Today we’re having a vet come to the house to microchip our two cats. It’s a good thing to do, but not one that gives me as much comfort as it should. I’m terrified of them getting outside in the first place, which is part of why we’re using a housecall vet. Fred joins me in this terror: ever since the move he’s been leery of windows, even. George, on the other hand, is a fledgling escape artist.
Last night I dreamed that both cats had gotten lost. The part where they were missing was actually very short. I found them and was holding them clutched to me (a feat only possible in dreams, as that’s about 30 pounds of cat, and Fred squirms a lot when you pick him up). They were clinging to me tightly, but I didn’t know how to get them to safety. I didn’t have a car, or a phone, or anything. I couldn’t find the person I’d arrived there with. I walked a long, long way to where I thought they were, but they still weren’t there. I decided to walk back as I’d come and just hope for the best — hope I saw someone I knew, someone who could help. About ten steps later, I saw my mother. She was walking toward me and had on a white top with little flowers and a blue hem, a shirt I’d forgotten about until today but one she wore often. I told her what was going on and she said yes, she had a car. In a dream-flash we were there. I put the cats safely in the car and felt a great wash of relief. We were parked outside of the place she liked to get ice cream and, burden resolved, we decided to go inside for something to eat. And that was it.

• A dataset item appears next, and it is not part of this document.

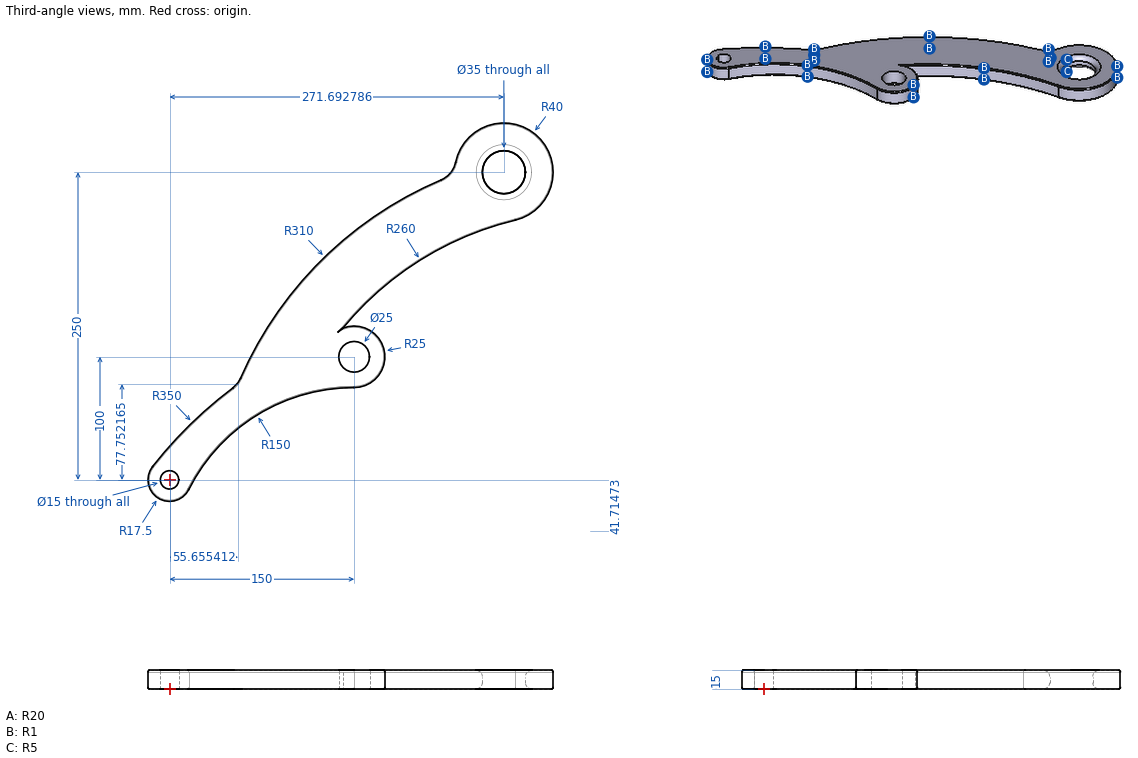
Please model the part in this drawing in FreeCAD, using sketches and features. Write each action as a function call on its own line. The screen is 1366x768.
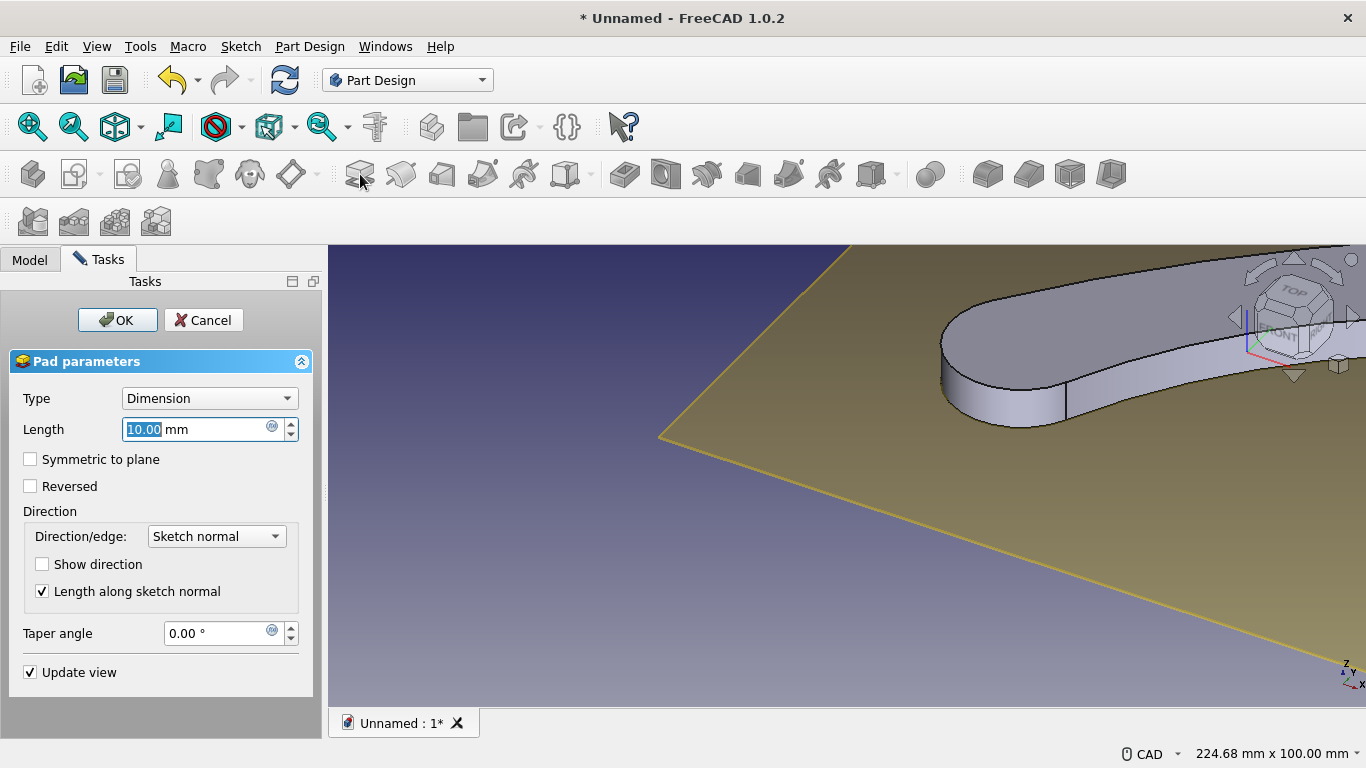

I’m not a trained psychologist but it doesn’t take one to understand what that was about. Sometimes, I want my mother. My mother was a champion fixer-of-problems, her kids’ problems most of all. When there was a crisis, she didn’t get panicked. She didn’t freak out. Car accident, failed class, computer broken, bad situation as work, whatever. She just helped you fix it, and that was that, and you didn’t have to worry anymore. And I miss that. I miss it. Does anyone ever stop missing that?
Sometimes dreams are weird and stupid and scary. Sometimes they’re silly. Sometimes they’re obvious. Mine tend towards the latter. Not scary, exactly, but an obvious manifestation of my fears. So in the meantime, then, kitties stay home whenever possible, and that means Fred’s personal physician comes to him.